→ **Your task**:
Without reproducing any picture, copy the records word for word.

=== Records supplied ===

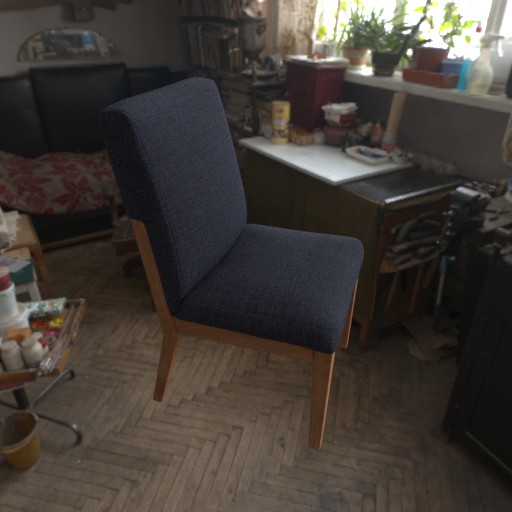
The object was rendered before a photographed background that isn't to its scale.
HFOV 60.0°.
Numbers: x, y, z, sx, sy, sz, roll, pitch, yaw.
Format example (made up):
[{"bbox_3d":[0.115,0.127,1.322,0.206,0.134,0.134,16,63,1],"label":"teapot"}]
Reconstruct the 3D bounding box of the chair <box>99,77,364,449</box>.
[{"bbox_3d":[0.000,0.000,1.305,0.586,0.911,0.507,10,32,17],"label":"chair"}]
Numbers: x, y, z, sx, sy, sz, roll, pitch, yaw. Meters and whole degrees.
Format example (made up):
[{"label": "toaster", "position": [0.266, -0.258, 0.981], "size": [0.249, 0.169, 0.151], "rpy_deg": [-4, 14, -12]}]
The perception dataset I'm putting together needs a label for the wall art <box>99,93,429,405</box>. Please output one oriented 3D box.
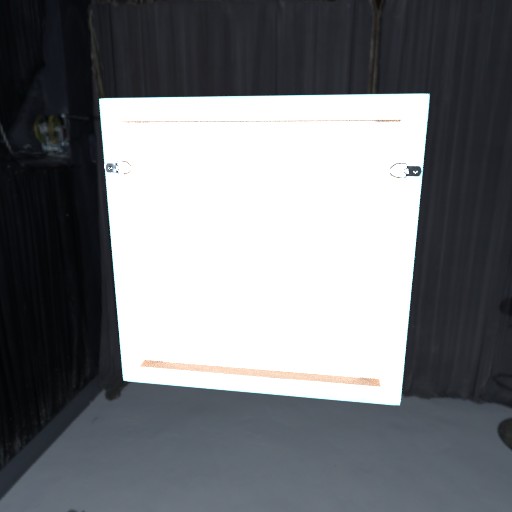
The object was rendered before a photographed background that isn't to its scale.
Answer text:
[{"label": "wall art", "position": [0.000, 0.000, 1.580], "size": [1.071, 1.073, 0.070], "rpy_deg": [2, 15, 9]}]
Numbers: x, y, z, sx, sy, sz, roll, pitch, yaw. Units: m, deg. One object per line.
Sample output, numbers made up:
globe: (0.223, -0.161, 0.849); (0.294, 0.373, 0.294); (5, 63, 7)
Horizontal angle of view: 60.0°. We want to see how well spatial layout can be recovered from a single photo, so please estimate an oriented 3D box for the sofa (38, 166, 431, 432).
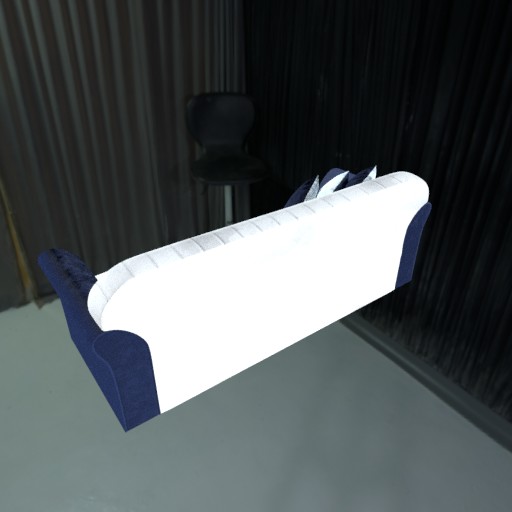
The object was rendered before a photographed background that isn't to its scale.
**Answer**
sofa: (0.000, 0.000, 2.416); (2.006, 0.789, 0.749); (-21, 36, -31)
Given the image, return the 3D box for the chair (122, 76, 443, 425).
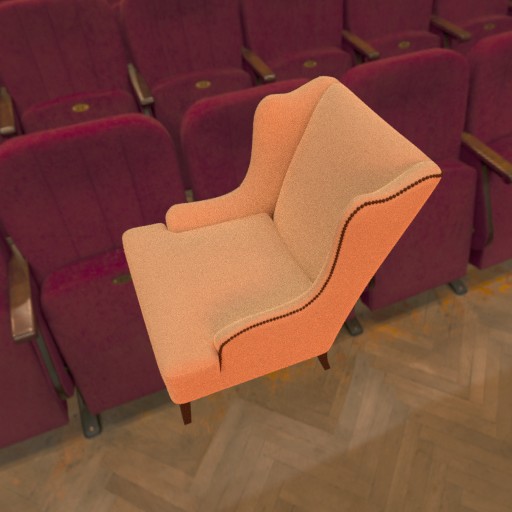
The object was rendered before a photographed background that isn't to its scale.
[{"bbox_3d":[0.000,0.000,1.725,0.940,1.029,0.737,-17,49,-15],"label":"chair"}]
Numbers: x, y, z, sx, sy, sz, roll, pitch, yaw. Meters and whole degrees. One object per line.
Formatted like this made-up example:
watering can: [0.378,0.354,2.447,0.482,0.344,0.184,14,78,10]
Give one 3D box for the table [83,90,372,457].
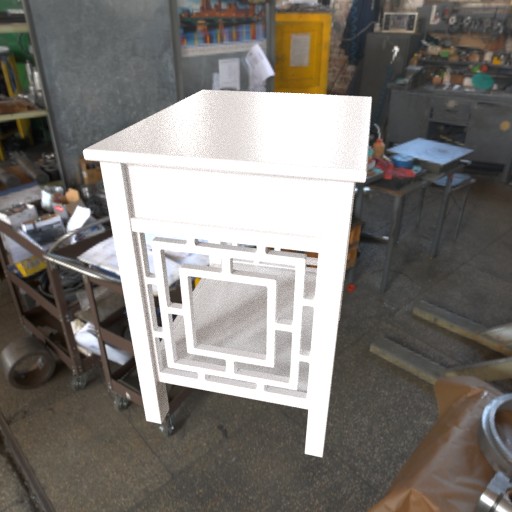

===

→ **Response to the exercise**:
The object was rendered before a photographed background that isn't to its scale.
HFOV 60.0°.
Numbers: x, y, z, sx, sy, sz, roll, pitch, yaw.
Format example (made up):
[{"bbox_3d":[0.115,0.127,1.322,0.206,0.134,0.134,16,63,1],"label":"teapot"}]
Reconstruct the 3D bounding box of the chair <box>99,77,364,449</box>.
[{"bbox_3d":[0.000,0.000,1.305,0.586,0.911,0.507,10,32,17],"label":"chair"}]
Numbers: x, y, z, sx, sy, sz, roll, pitch, yaw. Meters and whole degrees.
Format example (made up):
[{"label": "toaster", "position": [0.266, -0.258, 0.981], "size": [0.249, 0.169, 0.151], "rpy_deg": [-4, 14, -12]}]
The perception dataset I'm putting together needs a label for the wall art <box>99,93,429,405</box>. Please output one oriented 3D box.
The object was rendered before a photographed background that isn't to its scale.
Answer text:
[{"label": "wall art", "position": [0.000, 0.000, 1.580], "size": [1.071, 1.073, 0.070], "rpy_deg": [2, 15, 9]}]
Numbers: x, y, z, sx, sy, sz, roll, pitch, yaw. Units: m, deg. One object per line.
Sample output, numbers made up:
globe: (0.223, -0.161, 0.849); (0.294, 0.373, 0.294); (5, 63, 7)
Horizontal angle of view: 60.0°. We want to see how well spatial layout can be recovered from a single photo, so please estimate an oriented 3D box for the sofa (38, 166, 431, 432).
The object was rendered before a photographed background that isn't to its scale.
**Answer**
sofa: (0.000, 0.000, 2.416); (2.006, 0.789, 0.749); (-21, 36, -31)
Given the image, return the 3D box for the chair (122, 76, 443, 425).
The object was rendered before a photographed background that isn't to its scale.
[{"bbox_3d":[0.000,0.000,1.725,0.940,1.029,0.737,-17,49,-15],"label":"chair"}]
Numbers: x, y, z, sx, sy, sz, roll, pitch, yaw. Meters and whole degrees. One object per line.
Formatted like this made-up example:
watering can: [0.378,0.354,2.447,0.482,0.344,0.184,14,78,10]
Give one 3D box for the table [83,90,372,457].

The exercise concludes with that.